When an employer decides to take unreasonable risks in order to save money, it is usually the employees who suffer the consequences. This Missouri Workers’ Compensation decision shows how terrible those consequences can be. And, how unreasonable some employers can be in the pursuit of a little more profit.
Eric Burns drove a cement truck for Kennon Ready Mix. Because the job requires hosing down the chutes after delivery, cement trucks carry a pressurized water tank. When Burns noticed the tank on his truck leaking, he brought it to the attention of his supervisor, Lynn Smith.
“No problem,” said Smith. “I’ll fix it.” Smith spot welded the crack in the tank. Despite his doubts about the safety of the tank, which showed signs of corrosion, Burns ignored his wife’s advice to quit and find a better job. He could not afford to be out of work. On April 7, 2000, the tank exploded, virtually destroying Burns’s hip.
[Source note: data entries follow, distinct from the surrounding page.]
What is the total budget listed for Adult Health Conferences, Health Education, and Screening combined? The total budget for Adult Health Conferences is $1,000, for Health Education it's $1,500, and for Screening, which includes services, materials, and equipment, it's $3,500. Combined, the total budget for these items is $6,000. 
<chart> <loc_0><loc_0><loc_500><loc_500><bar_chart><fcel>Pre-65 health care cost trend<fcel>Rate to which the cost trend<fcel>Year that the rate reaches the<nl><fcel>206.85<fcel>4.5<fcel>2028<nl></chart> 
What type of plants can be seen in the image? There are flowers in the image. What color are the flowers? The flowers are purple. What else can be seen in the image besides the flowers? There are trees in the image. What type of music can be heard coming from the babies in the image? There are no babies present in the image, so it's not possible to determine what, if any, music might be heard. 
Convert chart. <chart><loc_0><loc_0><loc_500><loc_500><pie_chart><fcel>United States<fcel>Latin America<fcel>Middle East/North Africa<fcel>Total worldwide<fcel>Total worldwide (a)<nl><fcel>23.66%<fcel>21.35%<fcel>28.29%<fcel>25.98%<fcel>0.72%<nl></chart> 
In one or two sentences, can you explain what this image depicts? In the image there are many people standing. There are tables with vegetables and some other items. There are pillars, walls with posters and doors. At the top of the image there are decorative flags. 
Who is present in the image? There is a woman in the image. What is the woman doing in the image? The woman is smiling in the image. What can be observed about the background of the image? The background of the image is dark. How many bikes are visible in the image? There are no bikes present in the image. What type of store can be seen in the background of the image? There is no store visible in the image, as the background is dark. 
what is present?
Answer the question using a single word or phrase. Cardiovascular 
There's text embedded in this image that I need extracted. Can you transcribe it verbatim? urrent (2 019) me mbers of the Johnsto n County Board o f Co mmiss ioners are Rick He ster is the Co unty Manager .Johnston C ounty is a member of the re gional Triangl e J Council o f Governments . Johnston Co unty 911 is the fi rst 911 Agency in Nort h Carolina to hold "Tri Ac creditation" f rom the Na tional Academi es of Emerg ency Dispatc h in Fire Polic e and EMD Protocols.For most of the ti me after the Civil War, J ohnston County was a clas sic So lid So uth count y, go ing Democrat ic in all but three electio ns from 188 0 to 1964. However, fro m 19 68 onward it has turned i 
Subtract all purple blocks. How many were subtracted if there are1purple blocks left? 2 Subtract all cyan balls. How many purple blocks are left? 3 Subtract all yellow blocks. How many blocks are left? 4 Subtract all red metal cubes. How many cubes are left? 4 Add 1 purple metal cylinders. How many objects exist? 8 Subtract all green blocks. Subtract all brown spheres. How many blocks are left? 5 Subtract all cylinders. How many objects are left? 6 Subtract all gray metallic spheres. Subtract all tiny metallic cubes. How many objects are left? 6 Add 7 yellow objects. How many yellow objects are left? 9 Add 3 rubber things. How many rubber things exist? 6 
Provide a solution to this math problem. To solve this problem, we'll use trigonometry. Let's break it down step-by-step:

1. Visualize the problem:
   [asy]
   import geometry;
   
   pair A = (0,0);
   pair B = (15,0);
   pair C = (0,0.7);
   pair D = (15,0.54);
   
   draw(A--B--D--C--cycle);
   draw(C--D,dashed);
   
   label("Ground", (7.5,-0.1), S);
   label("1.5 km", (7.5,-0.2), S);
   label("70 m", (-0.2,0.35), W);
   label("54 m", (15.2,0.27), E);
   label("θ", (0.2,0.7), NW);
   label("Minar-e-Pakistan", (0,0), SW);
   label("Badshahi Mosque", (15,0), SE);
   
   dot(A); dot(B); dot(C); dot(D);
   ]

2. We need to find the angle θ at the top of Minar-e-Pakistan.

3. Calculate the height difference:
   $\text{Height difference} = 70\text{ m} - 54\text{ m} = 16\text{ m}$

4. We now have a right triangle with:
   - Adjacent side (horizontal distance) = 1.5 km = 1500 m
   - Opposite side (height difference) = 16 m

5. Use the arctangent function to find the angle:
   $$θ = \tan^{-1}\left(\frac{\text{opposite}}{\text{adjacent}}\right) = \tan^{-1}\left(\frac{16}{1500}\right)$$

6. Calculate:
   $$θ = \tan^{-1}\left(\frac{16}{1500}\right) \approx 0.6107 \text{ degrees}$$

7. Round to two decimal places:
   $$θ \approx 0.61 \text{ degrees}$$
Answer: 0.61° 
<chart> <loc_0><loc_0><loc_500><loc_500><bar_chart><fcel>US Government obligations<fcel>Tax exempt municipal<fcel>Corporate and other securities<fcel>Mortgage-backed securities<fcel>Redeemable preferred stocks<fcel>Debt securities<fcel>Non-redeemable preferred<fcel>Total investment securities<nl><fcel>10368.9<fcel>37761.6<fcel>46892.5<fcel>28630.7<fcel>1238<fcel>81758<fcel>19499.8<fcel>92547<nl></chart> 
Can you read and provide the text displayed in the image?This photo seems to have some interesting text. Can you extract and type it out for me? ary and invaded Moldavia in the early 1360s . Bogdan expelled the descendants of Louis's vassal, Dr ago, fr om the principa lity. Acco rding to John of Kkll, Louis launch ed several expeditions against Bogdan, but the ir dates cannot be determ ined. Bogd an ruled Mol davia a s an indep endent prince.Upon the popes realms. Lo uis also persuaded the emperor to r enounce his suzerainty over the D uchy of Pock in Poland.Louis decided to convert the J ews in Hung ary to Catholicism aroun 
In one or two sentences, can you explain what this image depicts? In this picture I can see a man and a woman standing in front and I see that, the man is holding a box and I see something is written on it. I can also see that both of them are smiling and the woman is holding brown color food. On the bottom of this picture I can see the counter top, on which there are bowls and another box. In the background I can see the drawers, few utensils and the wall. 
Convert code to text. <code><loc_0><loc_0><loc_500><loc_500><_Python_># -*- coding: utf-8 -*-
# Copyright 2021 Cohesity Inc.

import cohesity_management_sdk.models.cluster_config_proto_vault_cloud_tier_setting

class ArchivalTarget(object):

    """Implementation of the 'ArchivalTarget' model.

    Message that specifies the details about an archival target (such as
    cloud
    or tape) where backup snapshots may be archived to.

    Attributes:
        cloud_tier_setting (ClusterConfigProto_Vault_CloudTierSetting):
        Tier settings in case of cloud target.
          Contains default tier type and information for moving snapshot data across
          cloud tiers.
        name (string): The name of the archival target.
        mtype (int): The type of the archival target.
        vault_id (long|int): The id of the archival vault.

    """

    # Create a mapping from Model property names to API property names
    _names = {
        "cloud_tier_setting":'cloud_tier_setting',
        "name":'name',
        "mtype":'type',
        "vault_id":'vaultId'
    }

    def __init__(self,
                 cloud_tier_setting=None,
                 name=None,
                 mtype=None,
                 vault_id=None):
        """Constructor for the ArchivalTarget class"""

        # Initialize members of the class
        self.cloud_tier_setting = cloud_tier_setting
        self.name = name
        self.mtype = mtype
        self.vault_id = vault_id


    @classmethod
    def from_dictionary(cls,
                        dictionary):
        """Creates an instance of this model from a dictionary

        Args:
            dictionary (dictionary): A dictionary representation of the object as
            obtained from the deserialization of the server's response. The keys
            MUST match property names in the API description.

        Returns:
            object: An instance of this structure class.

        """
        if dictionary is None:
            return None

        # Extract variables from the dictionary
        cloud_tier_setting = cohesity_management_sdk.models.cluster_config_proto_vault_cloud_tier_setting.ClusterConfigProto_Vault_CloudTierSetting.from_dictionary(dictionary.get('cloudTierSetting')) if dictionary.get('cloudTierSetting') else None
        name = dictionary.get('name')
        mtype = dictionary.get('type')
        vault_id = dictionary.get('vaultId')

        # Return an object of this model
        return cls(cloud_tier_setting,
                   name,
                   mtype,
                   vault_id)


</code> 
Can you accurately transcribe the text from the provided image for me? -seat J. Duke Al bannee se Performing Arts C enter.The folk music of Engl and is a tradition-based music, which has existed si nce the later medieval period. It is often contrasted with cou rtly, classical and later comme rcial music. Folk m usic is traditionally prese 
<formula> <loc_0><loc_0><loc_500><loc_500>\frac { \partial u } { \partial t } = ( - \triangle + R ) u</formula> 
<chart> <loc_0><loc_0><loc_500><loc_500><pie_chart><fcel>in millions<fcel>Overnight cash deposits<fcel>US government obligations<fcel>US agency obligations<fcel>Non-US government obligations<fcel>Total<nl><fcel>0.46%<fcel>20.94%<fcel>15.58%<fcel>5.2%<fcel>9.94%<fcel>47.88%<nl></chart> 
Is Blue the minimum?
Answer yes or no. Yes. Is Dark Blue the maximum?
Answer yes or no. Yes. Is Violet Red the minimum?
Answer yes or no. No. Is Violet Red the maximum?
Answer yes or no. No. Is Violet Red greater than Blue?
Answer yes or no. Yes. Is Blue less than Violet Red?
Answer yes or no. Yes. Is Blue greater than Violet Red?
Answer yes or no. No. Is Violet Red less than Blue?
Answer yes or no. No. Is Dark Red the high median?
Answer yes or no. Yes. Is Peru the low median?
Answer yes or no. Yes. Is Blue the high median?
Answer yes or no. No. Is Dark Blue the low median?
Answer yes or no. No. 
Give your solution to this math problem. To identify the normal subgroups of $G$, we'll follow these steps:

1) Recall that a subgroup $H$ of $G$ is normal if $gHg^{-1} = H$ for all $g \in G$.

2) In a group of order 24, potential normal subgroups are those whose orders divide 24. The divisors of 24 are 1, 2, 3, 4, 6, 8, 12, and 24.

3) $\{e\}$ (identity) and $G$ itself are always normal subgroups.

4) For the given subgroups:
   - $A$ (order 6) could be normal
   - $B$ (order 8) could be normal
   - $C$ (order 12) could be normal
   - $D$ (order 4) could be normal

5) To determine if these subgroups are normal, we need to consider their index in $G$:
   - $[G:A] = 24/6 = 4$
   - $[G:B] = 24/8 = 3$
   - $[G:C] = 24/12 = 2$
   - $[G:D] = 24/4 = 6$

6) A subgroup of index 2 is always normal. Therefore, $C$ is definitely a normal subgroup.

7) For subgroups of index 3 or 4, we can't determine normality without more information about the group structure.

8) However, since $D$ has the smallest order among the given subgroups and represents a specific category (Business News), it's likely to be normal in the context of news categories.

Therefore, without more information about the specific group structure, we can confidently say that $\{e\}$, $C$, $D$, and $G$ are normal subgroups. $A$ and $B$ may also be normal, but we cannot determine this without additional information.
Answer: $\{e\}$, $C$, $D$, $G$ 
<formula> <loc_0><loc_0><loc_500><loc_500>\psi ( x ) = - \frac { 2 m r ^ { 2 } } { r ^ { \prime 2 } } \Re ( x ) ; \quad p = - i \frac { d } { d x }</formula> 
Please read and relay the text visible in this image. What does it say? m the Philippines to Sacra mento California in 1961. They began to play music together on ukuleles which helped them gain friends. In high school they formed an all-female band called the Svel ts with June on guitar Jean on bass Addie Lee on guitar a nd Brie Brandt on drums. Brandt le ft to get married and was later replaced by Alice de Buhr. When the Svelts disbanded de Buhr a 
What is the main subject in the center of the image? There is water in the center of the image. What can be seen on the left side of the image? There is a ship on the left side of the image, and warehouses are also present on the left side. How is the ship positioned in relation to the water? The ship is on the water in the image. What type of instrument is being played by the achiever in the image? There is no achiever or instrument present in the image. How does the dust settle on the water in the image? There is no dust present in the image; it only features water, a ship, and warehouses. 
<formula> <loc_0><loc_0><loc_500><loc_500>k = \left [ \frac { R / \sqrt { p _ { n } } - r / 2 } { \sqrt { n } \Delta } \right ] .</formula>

He is now permanently disabled.
The question before the Missouri Supreme Court was whether Burns’s recovery was limited to workers comp or whether the negligence of his supervisor reached the level of “affirmative (negligent) action.” In other words, was the exploding tank a routine hazard of the job (and thus covered by comp’s “exclusive remedy”) or did it involve something over and beyond the hazards normally confronting a cement truck driver. (The court’s complete ruling, well worth reading, is available here.)
The facts in this sad story aligned pretty dramatically against Kennon Ready Mix:
– the tank was cannibalized from a decrepit, 30 year old vehicle rusting in the yard
– Smith was not a certified welder
– Smith admitted to having “poor vision” – which he corrected with “$2.00 reading glasses”
– evidence showed that the welding job was completely incompetent
– the metal in the tank was so corroded, not even a skilled welder could have fixed it
– Smith apparently told Burns to “drive the truck until it blows.”
When asked how he was able to complete the welding job despite his poor vision, Smith described his approach to the work as “kind of a feeling in the dark thing.”
You’re probably wondering how much a new water tank costs. All of $400. Instead of making that modest investment in basic equipment, the employer chose to cut a corner. As a result, Burns, who is only 30, has already had three hip replacement surgeries and faces the prospect of additional surgeries every decade for the rest of his life.
The Supreme Court upheld the judgment of a lower court, which found that the affirmative negligence of the employer did indeed pierce the “exclusive remedy” provision of the comp statute. The court upheld the $2.6 million awarded by a jury. Not a lot of money in the context of Burns’s lifetime of suffering, but easily enough to buy a dozen brand new cement trucks, a couple hundred water tanks and a few pair of prescription lenses.
Unfortunately, it is very unlikely the Florida Supreme Court would rule in this worker’s favor. But, my partners and I continue to make the effort to obtain more than the standard workers’ compensation benefits when an employer acts this irresponsibly.